Bajaj Finance has a very well diversified loan portfolio with exposure across personal mortgage, financing of durables, vendor financing, rural loans, two- wheeler and three – wheeler financing.
The NBFC has been using technologies like cloud computing and data analytics in many streams of its operations which has helped it in cost savings at various fronts.
The company has strong capitalization with CRAR of 24% much above the RBI mandate of 15%. The recent Q2 2019 results have also shown healthy figures. The company has reported an increase in the size of Assets Under Management (AUM) by 38%.

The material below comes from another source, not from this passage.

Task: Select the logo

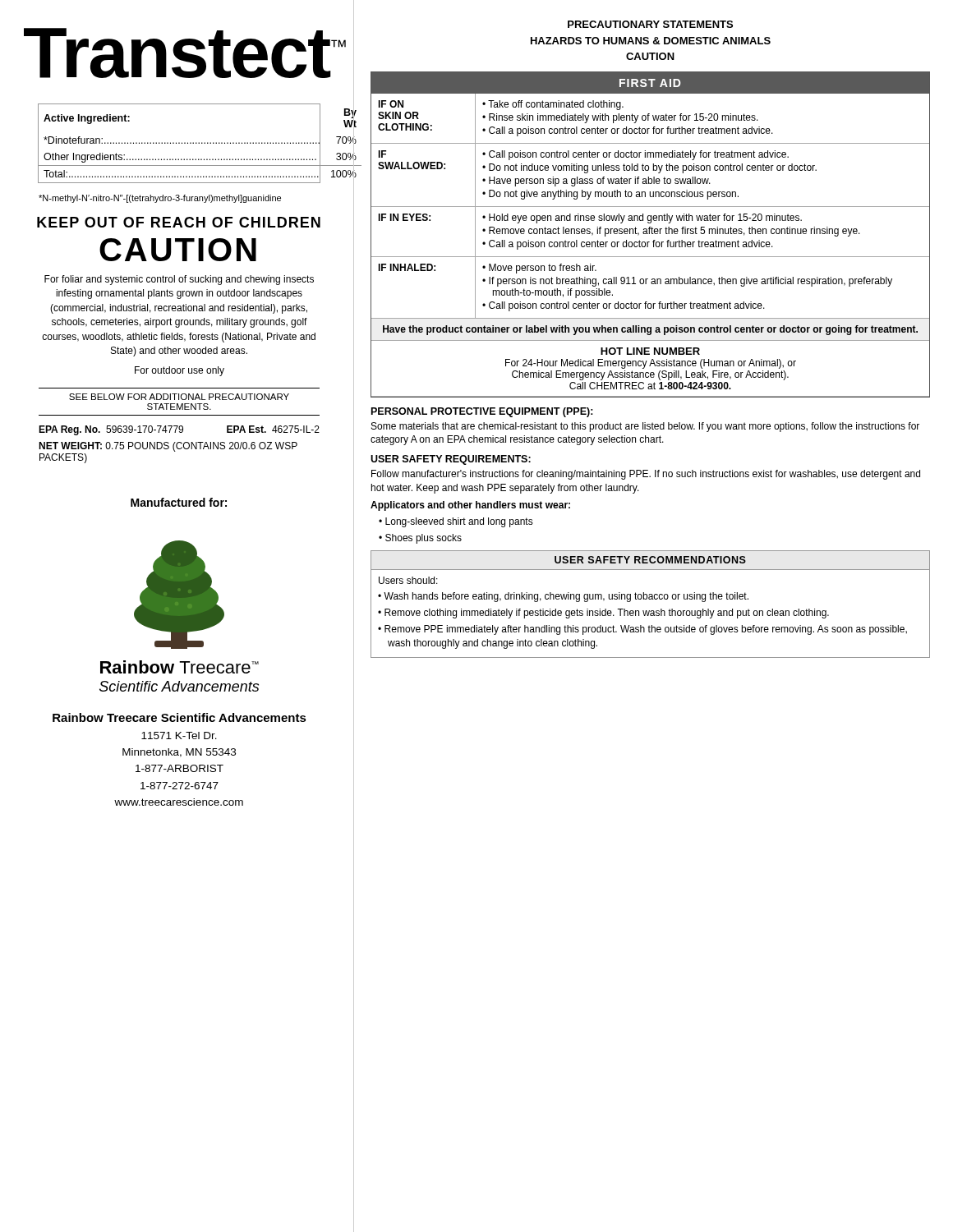Action: tap(179, 607)

A well-diversified portfolio, healthy earnings, cost optimization could be some of the factors which could have led to its healthy market performance.
The note on this NBFC would be incomplete without the mention of the Rs. 1 Crore penalty imposed on it by the banking regulator for its failure to comply with its fair practices code. But this news seems to have little impact on the trajectory that the company has taken.
The above list attempts to pick out the good, the bad and the ugly, which came to the forefront of discussion.
But with the upcoming elections, the ongoing trade war, the falling oil prices and many more of the moving parts at play, stocks at the forefront are sure to change.
Disclaimer: the views expressed here are of the author and do not reflect those of Groww.